Take the entries below and print, exactly, the stretch from the line containing "- pallet at [710, 162, 771, 231]" through the line containing "- pallet at [1431, 119, 1500, 206]", both included.
Information given: Begin
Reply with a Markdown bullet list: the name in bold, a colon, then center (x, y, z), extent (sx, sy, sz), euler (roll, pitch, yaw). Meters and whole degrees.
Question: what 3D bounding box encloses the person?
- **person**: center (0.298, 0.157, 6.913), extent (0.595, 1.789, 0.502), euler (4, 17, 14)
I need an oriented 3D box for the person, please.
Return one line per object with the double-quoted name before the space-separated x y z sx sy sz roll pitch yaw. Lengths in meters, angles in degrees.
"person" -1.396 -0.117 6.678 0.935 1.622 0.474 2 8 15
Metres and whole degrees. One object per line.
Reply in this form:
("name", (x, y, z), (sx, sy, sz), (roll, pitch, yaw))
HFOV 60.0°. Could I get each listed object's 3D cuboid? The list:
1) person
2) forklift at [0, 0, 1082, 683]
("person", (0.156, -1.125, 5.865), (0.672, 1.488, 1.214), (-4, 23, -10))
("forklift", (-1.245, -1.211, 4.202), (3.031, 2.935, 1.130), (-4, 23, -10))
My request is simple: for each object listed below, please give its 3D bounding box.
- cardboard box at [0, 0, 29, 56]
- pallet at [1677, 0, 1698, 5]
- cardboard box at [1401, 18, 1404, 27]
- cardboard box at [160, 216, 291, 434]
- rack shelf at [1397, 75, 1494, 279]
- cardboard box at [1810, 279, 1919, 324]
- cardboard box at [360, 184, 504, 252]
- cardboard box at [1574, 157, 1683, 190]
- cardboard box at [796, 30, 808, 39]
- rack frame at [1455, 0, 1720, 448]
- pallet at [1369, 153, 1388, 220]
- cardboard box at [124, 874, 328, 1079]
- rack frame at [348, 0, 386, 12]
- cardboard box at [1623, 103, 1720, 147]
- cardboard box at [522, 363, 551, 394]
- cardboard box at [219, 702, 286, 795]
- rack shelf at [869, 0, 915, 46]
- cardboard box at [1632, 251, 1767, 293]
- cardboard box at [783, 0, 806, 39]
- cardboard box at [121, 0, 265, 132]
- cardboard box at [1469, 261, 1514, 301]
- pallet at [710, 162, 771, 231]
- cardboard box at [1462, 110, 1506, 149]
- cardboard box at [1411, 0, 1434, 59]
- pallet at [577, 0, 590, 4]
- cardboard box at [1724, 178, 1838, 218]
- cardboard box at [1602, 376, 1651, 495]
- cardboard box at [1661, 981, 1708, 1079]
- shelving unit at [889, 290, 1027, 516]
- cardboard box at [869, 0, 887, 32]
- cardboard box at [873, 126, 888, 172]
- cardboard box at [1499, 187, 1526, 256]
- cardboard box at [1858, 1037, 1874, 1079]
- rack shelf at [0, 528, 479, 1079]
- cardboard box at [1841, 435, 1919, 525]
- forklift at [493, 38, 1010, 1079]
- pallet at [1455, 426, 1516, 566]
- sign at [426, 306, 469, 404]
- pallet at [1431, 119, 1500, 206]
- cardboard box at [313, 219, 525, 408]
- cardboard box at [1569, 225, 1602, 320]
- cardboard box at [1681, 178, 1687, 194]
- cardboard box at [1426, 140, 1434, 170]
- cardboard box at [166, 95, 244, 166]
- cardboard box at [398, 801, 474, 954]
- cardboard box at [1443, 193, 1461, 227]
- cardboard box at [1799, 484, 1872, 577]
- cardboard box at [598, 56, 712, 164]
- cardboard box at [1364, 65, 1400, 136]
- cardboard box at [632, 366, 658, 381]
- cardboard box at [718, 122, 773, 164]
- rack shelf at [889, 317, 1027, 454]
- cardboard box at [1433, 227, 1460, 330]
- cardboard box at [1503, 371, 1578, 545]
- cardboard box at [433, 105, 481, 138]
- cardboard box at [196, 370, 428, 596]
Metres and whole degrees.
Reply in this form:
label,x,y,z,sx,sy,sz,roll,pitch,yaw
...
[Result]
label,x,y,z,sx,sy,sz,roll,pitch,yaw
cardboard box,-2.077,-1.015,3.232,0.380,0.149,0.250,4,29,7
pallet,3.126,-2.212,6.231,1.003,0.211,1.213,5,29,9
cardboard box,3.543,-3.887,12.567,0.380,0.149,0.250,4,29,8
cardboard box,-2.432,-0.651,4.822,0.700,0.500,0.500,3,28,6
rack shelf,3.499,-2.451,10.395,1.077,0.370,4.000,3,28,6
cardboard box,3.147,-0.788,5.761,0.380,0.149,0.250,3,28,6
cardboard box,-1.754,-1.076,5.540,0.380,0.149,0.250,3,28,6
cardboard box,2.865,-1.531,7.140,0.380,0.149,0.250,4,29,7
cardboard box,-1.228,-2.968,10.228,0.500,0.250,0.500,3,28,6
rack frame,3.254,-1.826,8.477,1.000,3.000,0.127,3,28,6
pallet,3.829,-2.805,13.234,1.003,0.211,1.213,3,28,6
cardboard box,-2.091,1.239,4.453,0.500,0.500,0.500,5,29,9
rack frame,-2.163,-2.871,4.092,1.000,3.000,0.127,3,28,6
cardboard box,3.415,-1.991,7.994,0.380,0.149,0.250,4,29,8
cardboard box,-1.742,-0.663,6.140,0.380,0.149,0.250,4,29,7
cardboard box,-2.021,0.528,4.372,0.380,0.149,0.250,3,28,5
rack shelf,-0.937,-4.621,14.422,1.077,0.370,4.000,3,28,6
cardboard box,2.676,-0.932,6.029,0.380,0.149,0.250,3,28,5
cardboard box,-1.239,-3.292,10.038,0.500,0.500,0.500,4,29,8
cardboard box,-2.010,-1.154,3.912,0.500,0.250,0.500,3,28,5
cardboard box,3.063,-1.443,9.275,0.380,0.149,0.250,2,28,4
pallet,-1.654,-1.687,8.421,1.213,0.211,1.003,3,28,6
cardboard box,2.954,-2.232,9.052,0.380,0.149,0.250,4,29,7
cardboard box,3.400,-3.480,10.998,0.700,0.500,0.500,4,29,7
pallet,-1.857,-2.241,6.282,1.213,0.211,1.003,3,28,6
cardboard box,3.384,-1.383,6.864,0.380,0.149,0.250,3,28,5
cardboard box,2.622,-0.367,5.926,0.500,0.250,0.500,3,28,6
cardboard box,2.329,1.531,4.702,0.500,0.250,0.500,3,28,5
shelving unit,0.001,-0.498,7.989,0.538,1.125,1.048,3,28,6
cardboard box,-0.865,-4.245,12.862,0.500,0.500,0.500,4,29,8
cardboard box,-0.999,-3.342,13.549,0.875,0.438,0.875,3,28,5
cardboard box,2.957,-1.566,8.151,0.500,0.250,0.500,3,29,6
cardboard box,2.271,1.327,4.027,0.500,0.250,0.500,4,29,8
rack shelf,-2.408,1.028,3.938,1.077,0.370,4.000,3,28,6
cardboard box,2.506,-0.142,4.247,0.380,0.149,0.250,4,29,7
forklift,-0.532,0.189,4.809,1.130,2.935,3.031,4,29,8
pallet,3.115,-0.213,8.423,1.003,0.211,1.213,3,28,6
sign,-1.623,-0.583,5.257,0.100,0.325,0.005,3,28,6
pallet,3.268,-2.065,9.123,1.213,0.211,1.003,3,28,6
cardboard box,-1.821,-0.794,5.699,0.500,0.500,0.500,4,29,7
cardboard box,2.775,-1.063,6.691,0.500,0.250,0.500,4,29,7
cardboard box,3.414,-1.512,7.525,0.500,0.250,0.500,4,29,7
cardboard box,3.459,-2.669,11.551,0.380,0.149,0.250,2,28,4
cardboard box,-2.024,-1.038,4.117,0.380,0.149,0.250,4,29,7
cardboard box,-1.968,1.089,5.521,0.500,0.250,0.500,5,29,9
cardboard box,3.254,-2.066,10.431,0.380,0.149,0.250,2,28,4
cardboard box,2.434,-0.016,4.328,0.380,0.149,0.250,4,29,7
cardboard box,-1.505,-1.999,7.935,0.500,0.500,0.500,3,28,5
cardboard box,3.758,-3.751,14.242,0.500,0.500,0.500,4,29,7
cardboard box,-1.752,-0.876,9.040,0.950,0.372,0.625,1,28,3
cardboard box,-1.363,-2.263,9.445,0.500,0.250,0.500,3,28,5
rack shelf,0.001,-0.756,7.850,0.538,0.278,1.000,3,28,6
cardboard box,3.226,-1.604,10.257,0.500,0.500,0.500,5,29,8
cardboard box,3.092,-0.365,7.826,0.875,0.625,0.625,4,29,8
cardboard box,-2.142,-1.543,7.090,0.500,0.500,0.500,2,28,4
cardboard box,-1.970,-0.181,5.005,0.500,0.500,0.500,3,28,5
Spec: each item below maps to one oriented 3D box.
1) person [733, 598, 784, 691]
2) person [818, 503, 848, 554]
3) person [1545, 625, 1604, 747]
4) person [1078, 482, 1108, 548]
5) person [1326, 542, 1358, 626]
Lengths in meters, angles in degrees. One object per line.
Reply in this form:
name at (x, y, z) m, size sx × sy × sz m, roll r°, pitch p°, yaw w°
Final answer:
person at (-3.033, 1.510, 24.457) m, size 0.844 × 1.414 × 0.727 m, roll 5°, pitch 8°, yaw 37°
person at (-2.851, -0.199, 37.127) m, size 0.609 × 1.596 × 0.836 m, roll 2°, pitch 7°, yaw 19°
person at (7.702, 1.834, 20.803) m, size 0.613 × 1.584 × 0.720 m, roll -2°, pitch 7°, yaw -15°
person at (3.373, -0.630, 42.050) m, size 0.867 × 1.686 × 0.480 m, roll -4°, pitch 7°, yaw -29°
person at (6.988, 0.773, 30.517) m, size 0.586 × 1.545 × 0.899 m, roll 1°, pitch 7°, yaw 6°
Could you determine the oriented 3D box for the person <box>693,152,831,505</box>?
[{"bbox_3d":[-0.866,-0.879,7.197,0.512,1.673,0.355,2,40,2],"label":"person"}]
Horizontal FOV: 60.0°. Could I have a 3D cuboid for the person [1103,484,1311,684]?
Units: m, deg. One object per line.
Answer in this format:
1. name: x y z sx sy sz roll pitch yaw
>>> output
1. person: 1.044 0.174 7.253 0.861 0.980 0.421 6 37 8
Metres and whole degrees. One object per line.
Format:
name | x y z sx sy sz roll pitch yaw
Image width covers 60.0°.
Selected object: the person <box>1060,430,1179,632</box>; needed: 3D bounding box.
Information given: End
> [Exercise answer]:
- pallet at [710, 162, 771, 231]
- cardboard box at [1462, 110, 1506, 149]
- cardboard box at [1411, 0, 1434, 59]
- pallet at [577, 0, 590, 4]
- cardboard box at [1724, 178, 1838, 218]
- cardboard box at [1602, 376, 1651, 495]
- cardboard box at [1661, 981, 1708, 1079]
- shelving unit at [889, 290, 1027, 516]
- cardboard box at [869, 0, 887, 32]
- cardboard box at [873, 126, 888, 172]
- cardboard box at [1499, 187, 1526, 256]
- cardboard box at [1858, 1037, 1874, 1079]
- rack shelf at [0, 528, 479, 1079]
- cardboard box at [1841, 435, 1919, 525]
- forklift at [493, 38, 1010, 1079]
- pallet at [1455, 426, 1516, 566]
- sign at [426, 306, 469, 404]
- pallet at [1431, 119, 1500, 206]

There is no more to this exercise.